Tennessee and North Carolina join other states in siding with cable and telecom companies, rather than allowing cities to provide affordable connectivity.

It’s hard enough to get an Internet connection in some parts of America. But recent court judgments could halt a series of initiatives that were slowly taking broadband to poor and remote areas.

Around the U.S., many cities have established their own broadband schemes to provide high-speed Internet access in areas where commercial providers have yet to offer a competitive service. These schemes, known as municipal broadband networks, typically supply Internet connections at lower prices than commercial offerings, and can stretch out to reach people living in the rural fringes of a city’s jurisdiction—places that may not prove cost-effective for telecom or cable companies to install infrastructure. Schemes currently exist across states including Colorado, Washington, North Carolina, and Tennessee. Los Angeles and San Francisco have both been investigating the concept as well.

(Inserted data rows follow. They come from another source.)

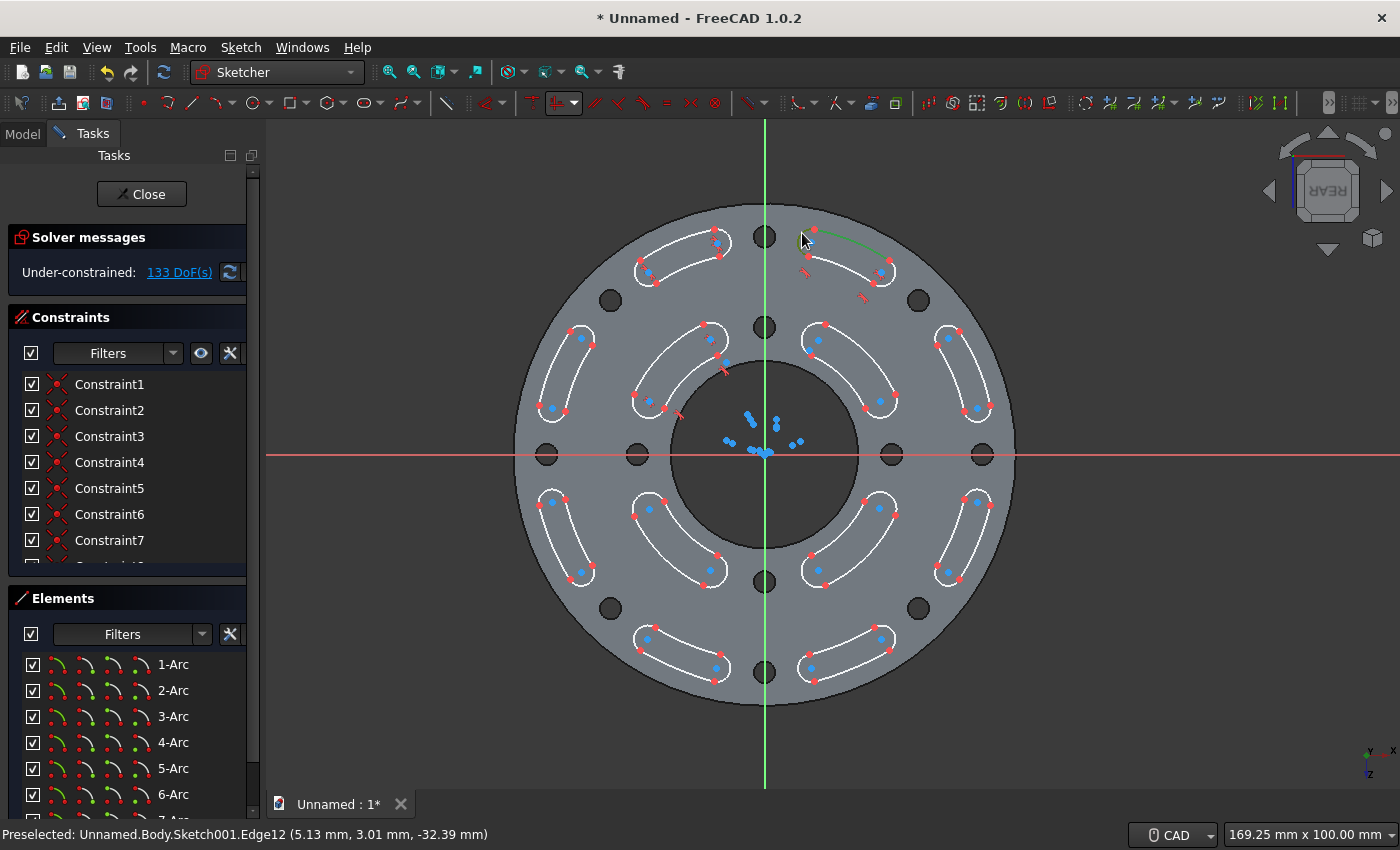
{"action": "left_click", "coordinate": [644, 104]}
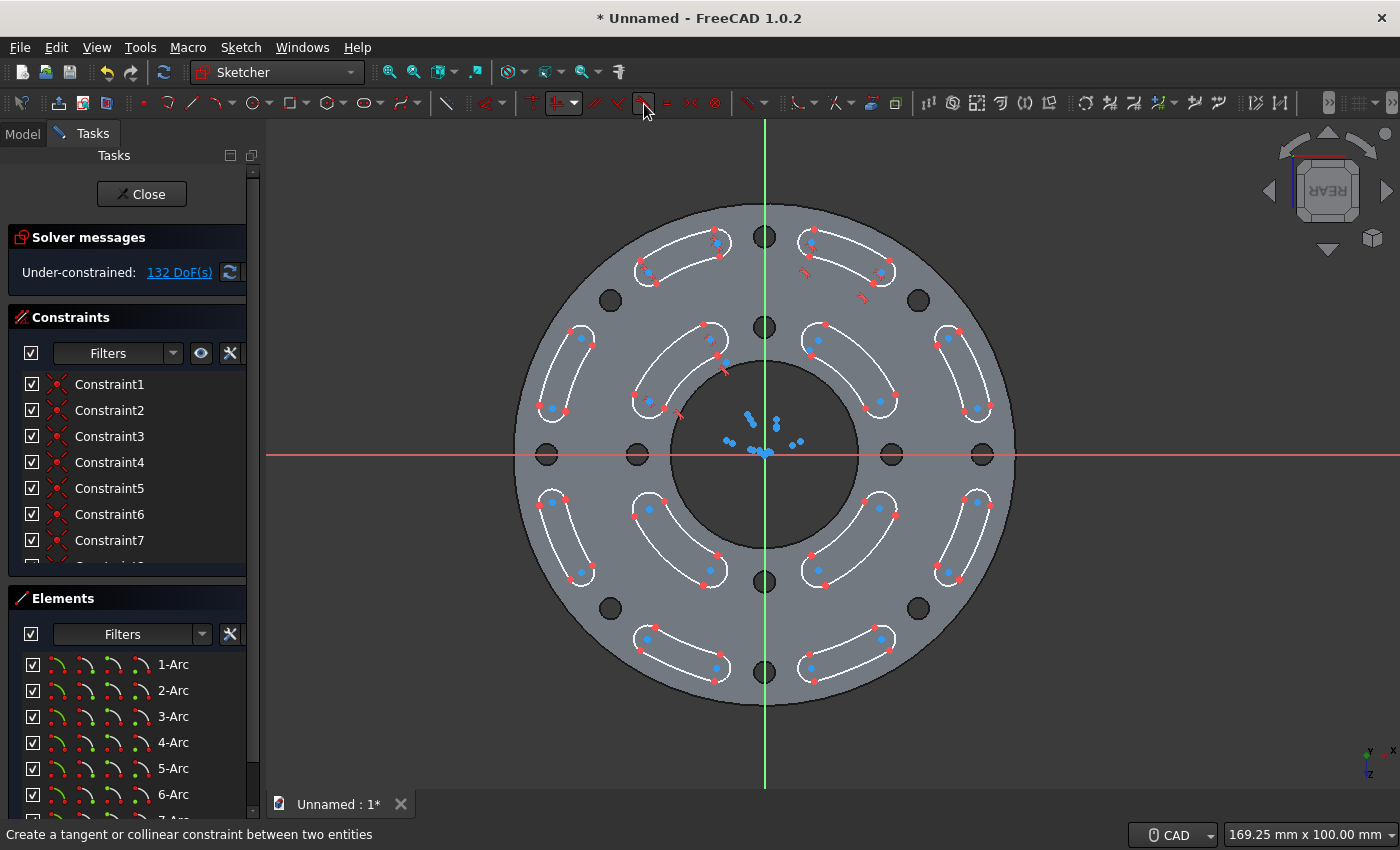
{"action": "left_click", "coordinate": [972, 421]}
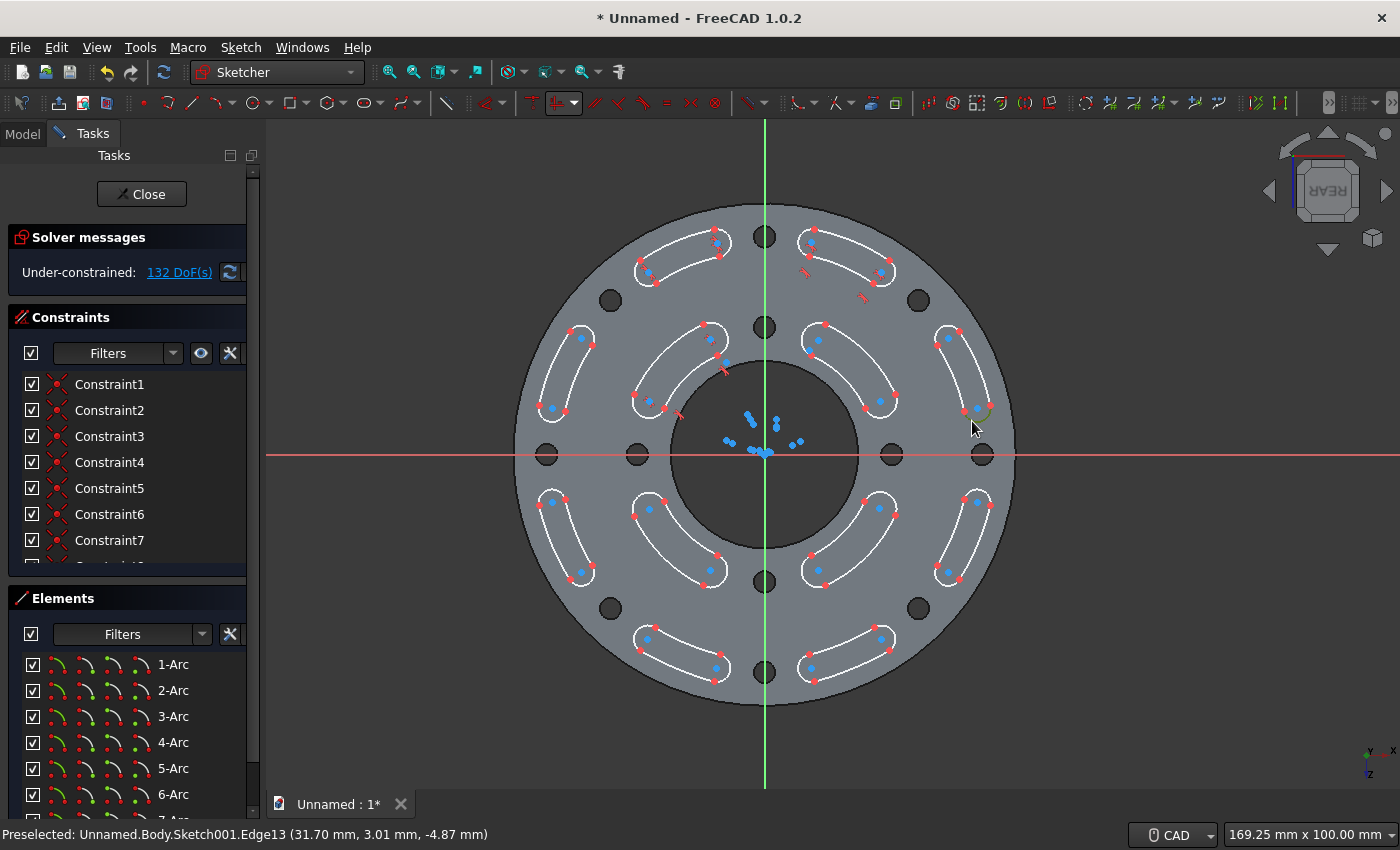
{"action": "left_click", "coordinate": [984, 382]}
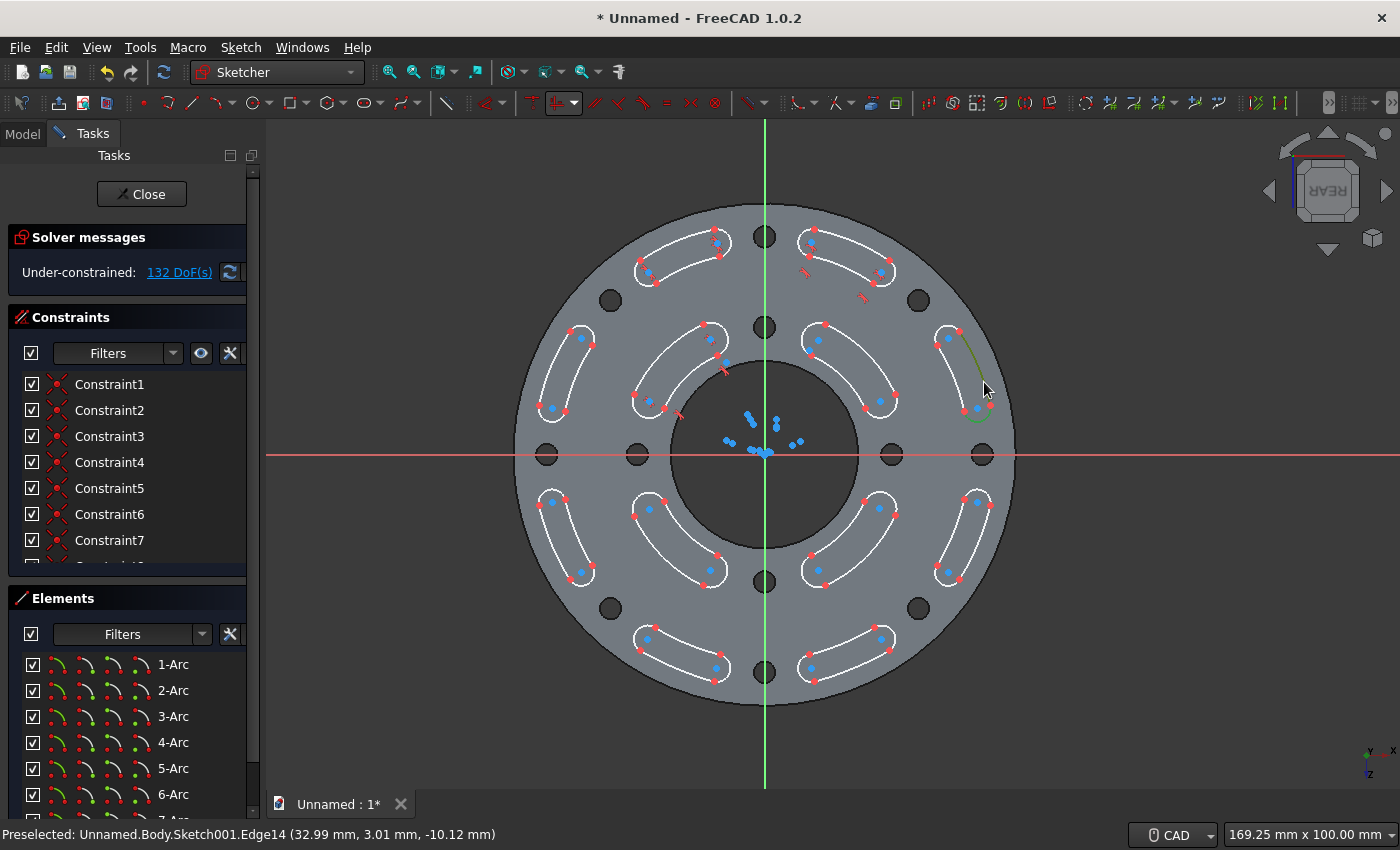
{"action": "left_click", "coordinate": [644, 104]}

But the United States Court of Appeals for the Sixth Circuit recently ruled to uphold laws in Tennessee and North Carolina that will prevent municipal broadband networks from expanding. The dispute has been between the Federal Communications Commission, which has been in favor of allowing municipal broadband networks, and state legislators.

If you live on the edges of Wilson, North Carolina, you might have a hard time getting Internet access.

The ruling could signal larger problems for similar initiatives across the country, reports the New York Times. The decision isn’t being appealed by the FCC—the commission claims that to do so is an ineffective use of its resources. But proponents of municipal broadband networks had been looking to the FCC to tough out these state-level legal fights (20 other states also currently hinder municipal broadband networks), to ensure that underprivileged and remote communities were offered more opportunities to get online. Instead, some city officials will worry that cable and telecom companies could leverage the opportunity to prevent competition from more affordable providers.

Such a situation will only serve to exacerbate what the FCC has referred to in the past as a “persistent digital divide.” While broadband in urban areas continues to improve, infrastructure is still desperately lacking in many remote areas. Recently, locally owned coöperatives have been building out high-speed Internet infrastructure in rural parts of the country. But while effective for their own communities, such initiatives will not be able to connect the entire country.

What’s needed is a large-scale policy to close the digital divide. Hillary Clinton’s presidential campaign has so far promised a future in which every home in the U.S. is connected to broadband by 2020. But according to the Wall Street Journal, experts aren’t convinced. They suggest that the price tag of such a project (she hasn’t said how much it will cost)—combined with uncertainty over which part of government would execute the plan, and whether or not Republicans would even back the required legislation—make it it an unlikely proposition. To date, Donald Trump has been quiet on the subject of broadband provision.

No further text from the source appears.